Com o aumento exponencial da conectividade no chão-de-fábrica, os ativos de redes de TA passam a desempenhar papel fundamental em toda a conectividade industrial, sendo gerenciados e configurados pelas equipes de automação e manutenção. Como resultado, as plataformas de engenharia de automação permitem a configuração dos ativos de rede de forma totalmente integrada às filosofias de controle dos processos produ- tivos, e às trocas de dados com os sistemas corporativos. Dessa forma, não importando a natureza da comunicação, a consistência das trocas de dados é assegurada e facilmente desenvolvida por equipes de TA, que não precisam ser especialistas em redes de comunicação. Num futuro próximo, é previsto que as ferramentas e plataformas de automação sejam capazes de reconfigurar ou informar dinamicamente as condições necessárias de uso das redes de comunicação, de acordo com o perfil de uso de cada máquina, processo ou aplicação. Isso garantirá uma maior flexibilidade operacional no chão-de-fábrica.
De acordo com a premissa de segmentação funcional das redes, no Nível de Acesso, é comum a utilização de switches gerenciáveis L2, com baixa ou média densidade de portas de 100 Mbps, para conectar controladores, sensores e dispositivos remotos. Também podem ser incluídas algumas portas de 1Gbps para o uplink de interconexão com equipamentos nas camadas de Distribuição. Em casos mais simples, switches não gerenciáveis podem ser utilizados.
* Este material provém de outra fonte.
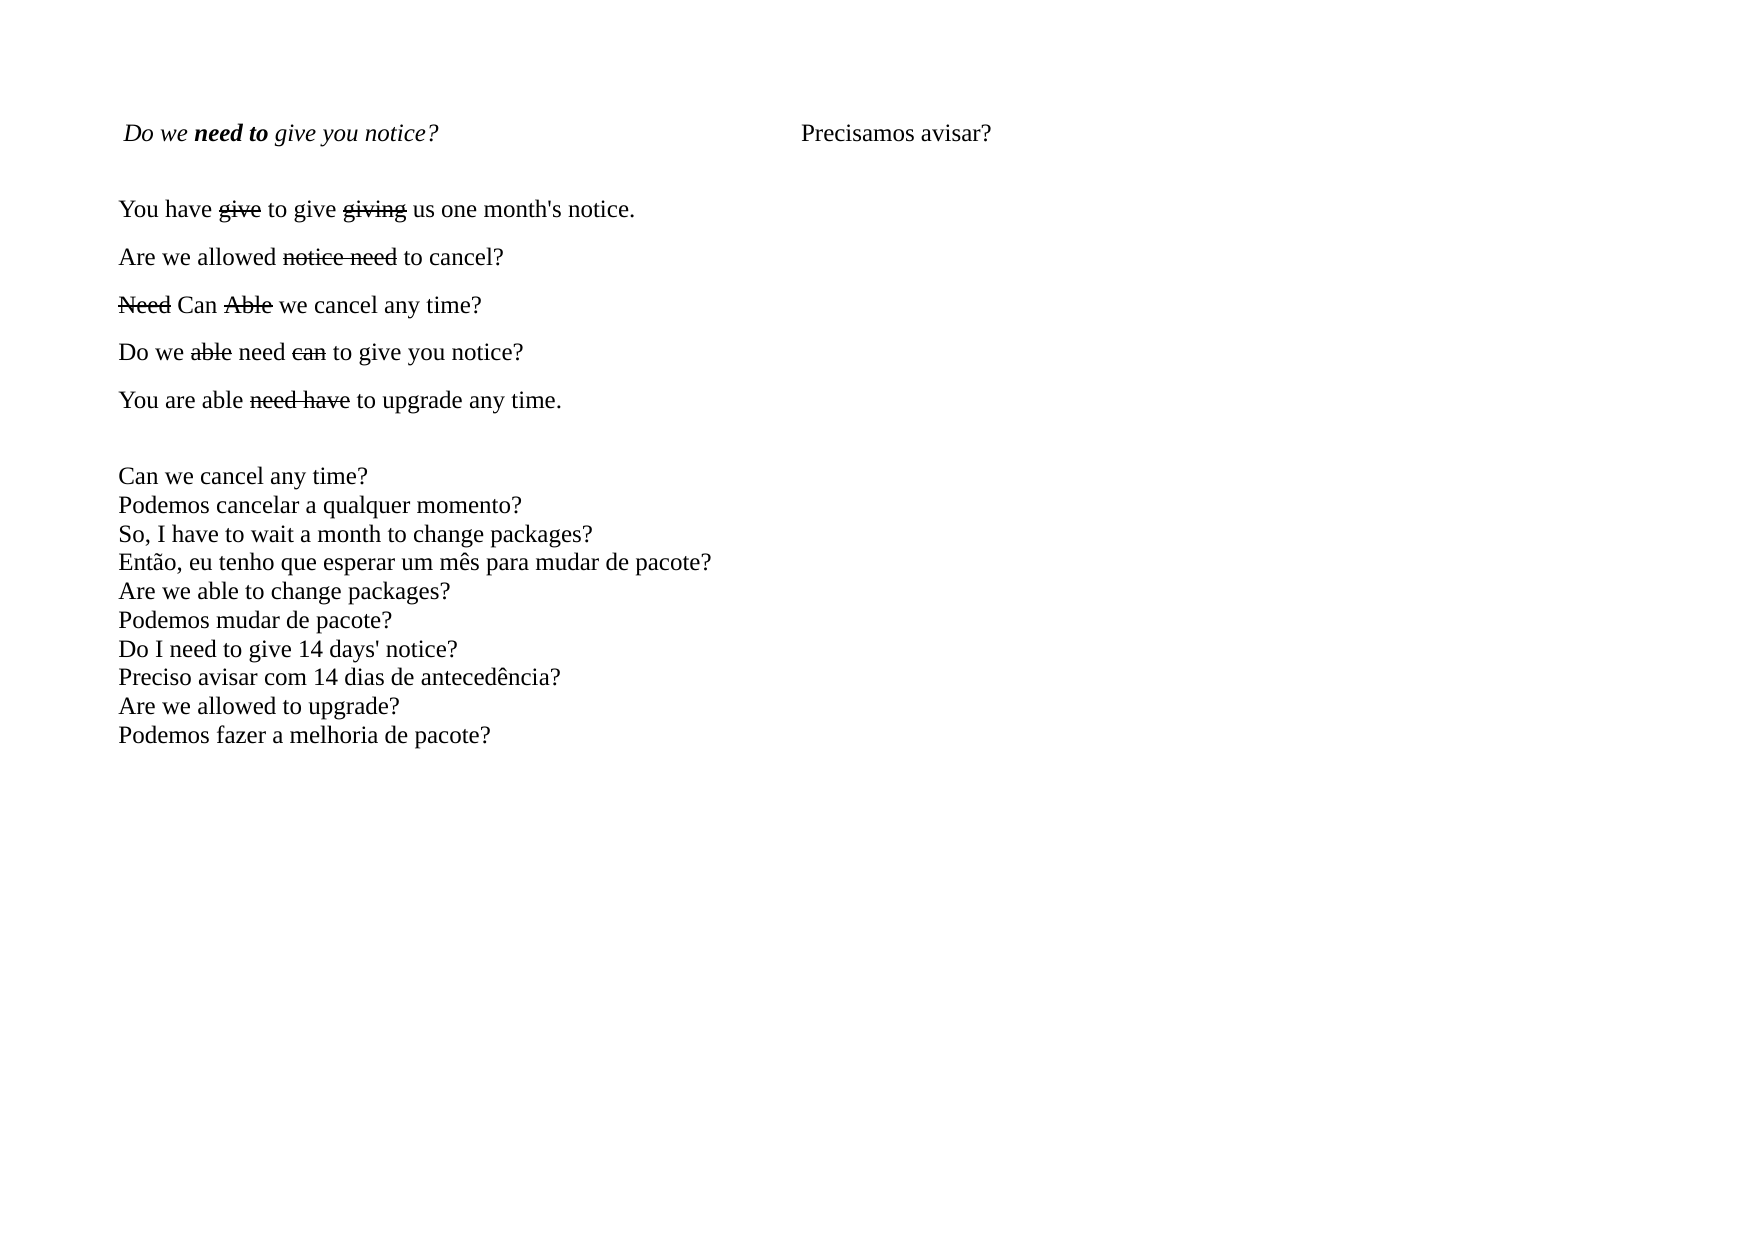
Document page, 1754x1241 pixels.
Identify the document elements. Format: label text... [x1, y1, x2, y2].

text Podemos fazer a melhoria de pacote? [118, 720, 1636, 749]
text Do we able need can to give you notice? [118, 337, 1636, 366]
text Podemos cancelar a qualquer momento? [118, 490, 1636, 519]
text Need Can Able we cancel any time? [118, 290, 1636, 318]
text You have give to give giving us one month's notice. [118, 194, 1636, 223]
text Are we allowed to upgrade? [118, 691, 1636, 720]
table_header [118, 118, 123, 147]
text Então, eu tenho que esperar um mês para mudar de pacote? [118, 547, 1636, 576]
text Can we cancel any time? [118, 461, 1636, 490]
text Podemos mudar de pacote? [118, 605, 1636, 634]
text Are we able to change packages? [118, 576, 1636, 605]
text Preciso avisar com 14 dias de antecedência? [118, 662, 1636, 691]
table_header Do we need to give you notice? [123, 118, 801, 147]
text Do I need to give 14 days' notice? [118, 634, 1636, 662]
table_header Precisamos avisar? [801, 118, 1212, 147]
text So, I have to wait a month to change packages? [118, 519, 1636, 547]
text You are able need have to upgrade any time. [118, 385, 1636, 414]
text Are we allowed notice need to cancel? [118, 242, 1636, 271]

No Nível de Distribuição, geralmente são encontrados switches L2, gerenciáveis de alta disponibilidade, incluindo a redundância de cabos, que permitem a segregação de diversos equipamentos de acesso. A função principal dos switches de distribuição é agregar as diversas máquinas e processos das células de produção de uma determinada área e, quando necessário, realizar a separação funcional entre células de diferentes áreas. Nesse nível, a densidade de portas pode ser média ou alta, e portas de 1Gbps são as mais comuns.
E por fim, no nível Core das redes de TA, são encontrados um ou mais switches/roteadores L3, trabalhando em regime de redundância total, com alta capacidade de processamento, e interligando de diversos níveis de distribuição, ao rotear dados entre eles. Funções especiais de gerenciamento, controle de acesso e roteamento são frequentemente encontradas nessa camada. Além disso, é responsabilidade primordial dos equipamentos Core das redes de TA, estabelecer rotas de comunicação com os equipamentos Core das redes de TI, zonas desmilitarizadas, e centros de processamento industriais da TA.
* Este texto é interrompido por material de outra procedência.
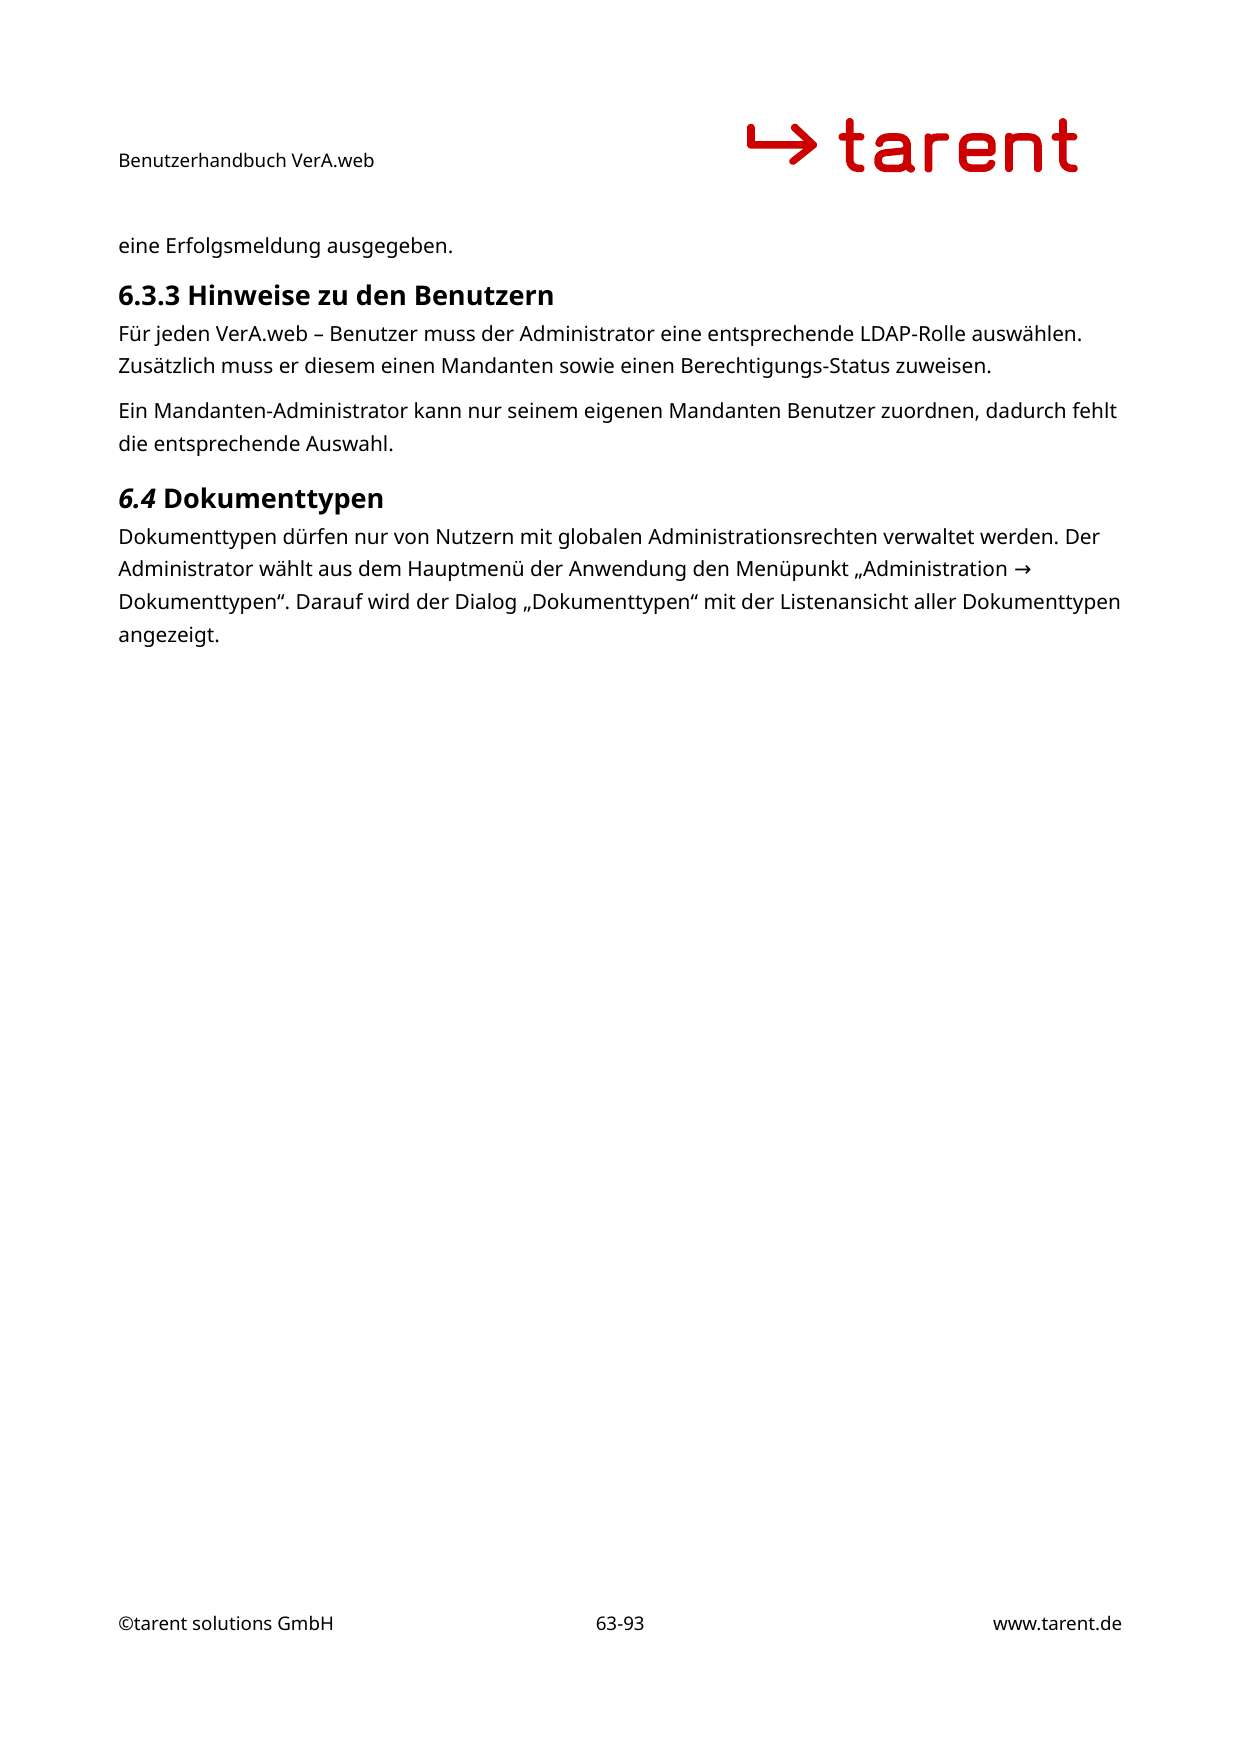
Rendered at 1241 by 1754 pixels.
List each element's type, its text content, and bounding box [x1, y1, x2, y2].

text eine Erfolgsmeldung ausgegeben. [118, 232, 1122, 260]
text Dokumenttypen dürfen nur von Nutzern mit globalen Administrationsrechten verwaltet werden. Der Administrator wählt aus dem Hauptmenü der Anwendung den Menüpunkt „Administration → Dokumenttypen“. Darauf wird der Dialog „Dokumenttypen“ mit der Listenansicht aller Dokumenttypen angezeigt. [118, 522, 1122, 648]
subtitle Dokumenttypen [118, 479, 1122, 516]
text Für jeden VerA.web – Benutzer muss der Administrator eine entsprechende LDAP-Rolle auswählen. Zusätzlich muss er diesem einen Mandanten sowie einen Berechtigungs-Status zuweisen. [118, 319, 1122, 380]
text Ein Mandanten-Administrator kann nur seinem eigenen Mandanten Benutzer zuordnen, dadurch fehlt die entsprechende Auswahl. [118, 397, 1122, 458]
subtitle Hinweise zu den Benutzern [118, 277, 1122, 313]

Cibersegurança Industrial – Protegendo os dados e as comunicações do chão de fábrica
Embora as polícias rodoviárias e agentes de trânsito desempenhem um papel fundamental na proteção do sistema viário, ainda é necessário o trabalho de inteligência de outros órgãos. Isso se deve ao fato de que o monitoramento e investigação constantes são essenciais, para prever o uso das rodovias para fins ilícitos. Portanto, é preciso reconhecer que uma abordagem holística, envolvendo diversas plataformas e estratégias, é necessária para garantir a segurança e integridade de um sistema a ser protegido.
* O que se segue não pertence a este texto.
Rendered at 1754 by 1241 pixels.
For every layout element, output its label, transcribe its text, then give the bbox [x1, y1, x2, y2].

As redes de TA também requerem medidas de segurança adicionais. Embora firewalls sejam implementados no nível de acesso e na interligação entre os Cores de TI e TA, sistemas de deteção e prevenção de intrusão, assim como plataformas de detecção de anomalias com características industriais, podem e devem ser utilizadas nas redes de TA, uma vez que serão capazes de interpretar e discriminar as comunicações saudáveis e comprometidas entre TI e TA.
Uma caraterística peculiar dos sistemas de proteção de TI é que eles são configurados para bloquear todo e qualquer acesso não autorizado, ou que não cumpra com os requisitos corporativos de segurança. Já nos ambientes industriais, a decisão de fechar uma comunicação suspeita durante o processo produtivo deve levar em consideração o impacto dessa ação, no controle e segurança operacional da fábrica.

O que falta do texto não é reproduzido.